The hurry had been Mercy's creation; having taken eight years to make up her mind what she wanted done, she wanted it done at once. The day after Tax Day, Friday the 16th, she had come home from her afternoon seminar in statistics at UMass. later than usual, delayed by the unusual length of the conversation she'd had with Diane.

She'd been troubled for a week by something she had overheard in the Grey Hills pro shop the previous Saturday. She had been sitting behind the sweaters racked on the chrome trolley in the women's clothing section, trying on new Foot-Joy spikes. She was trying to decide well before the golf season started whether to order a new pair, which would be a fresh nuisance to break in, or continue to put up with the existing nuisance: her shoes occasionally gave her blisters. A man whose face she could not see and whose voice she didn't recognize came up to the counter where Bolo Cormier sat on his stool at the register, moving his lips as he read his paper and drinking coffee as he did most days between golf seasons. They had some brief conversation to which she paid no attention, but then as she hunched over to lace up the brown-and-white saddle-shoe on her right foot, dropping her head below the sweaters, she heard the man say: "Dan Hilliard been around today or's he with his new girlfriend down in Boston? I called his house and office didn't get an answer."

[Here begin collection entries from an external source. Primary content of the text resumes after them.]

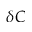<formula> <loc_0><loc_0><loc_500><loc_500>\delta C</formula> 
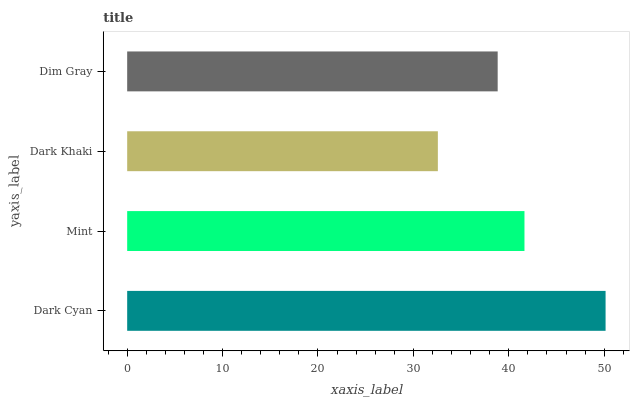Is Dark Khaki the minimum?
Answer yes or no. Yes. Is Dark Cyan the maximum?
Answer yes or no. Yes. Is Mint the minimum?
Answer yes or no. No. Is Mint the maximum?
Answer yes or no. No. Is Dark Cyan greater than Mint?
Answer yes or no. Yes. Is Mint less than Dark Cyan?
Answer yes or no. Yes. Is Mint greater than Dark Cyan?
Answer yes or no. No. Is Dark Cyan less than Mint?
Answer yes or no. No. Is Mint the high median?
Answer yes or no. Yes. Is Dim Gray the low median?
Answer yes or no. Yes. Is Dim Gray the high median?
Answer yes or no. No. Is Mint the low median?
Answer yes or no. No.

She had turned her head quickly to peer under the sweaters as Bolo said "Dunno, haven't seen him," but had not had the presence of mind to part them before the grey flannel slacks and the dark-brown tasseled loafers turned away from the register and left the store.

"Well, but did you really need to?" Diane said over the salt-rimmed conical glasses of margueritas in the Flower Room at Gino's, water splashing from the fountain into the low-sided kidney-shaped fire-brick pool with the Trader Vic's-type tropical-rain machine showering softly down over it. The sound system played an instrumental version of "Jamaica Farewell." "What difference would it've made if you had found out who it was? Or'd recognized the voice? The point is that it's common knowledge, out there at oh-aren't-we-elegant Grey Hills, that your husband's got a popsy on the side. It's not some chick who picked him up in a bar and he'd had a few too many drinks and he was lonely, so they had a one-night stand. This is an ongoing thing. He's having an affair, creating a new secret history with someone who lives in Boston. I mean, my God, Marcia, pardon me, but that's what I think should concern you. If you have any question here, it isn't who said he's got a girlfriend; it's: "Who is the little slut?" That's what you need to know, so you can find out where she lives, hunt her down and scratch her eyes out.

"Assuming of course, that's what you have in mind; otherwise you don't need to know anything more. Do you have any idea at all as to who it might be?"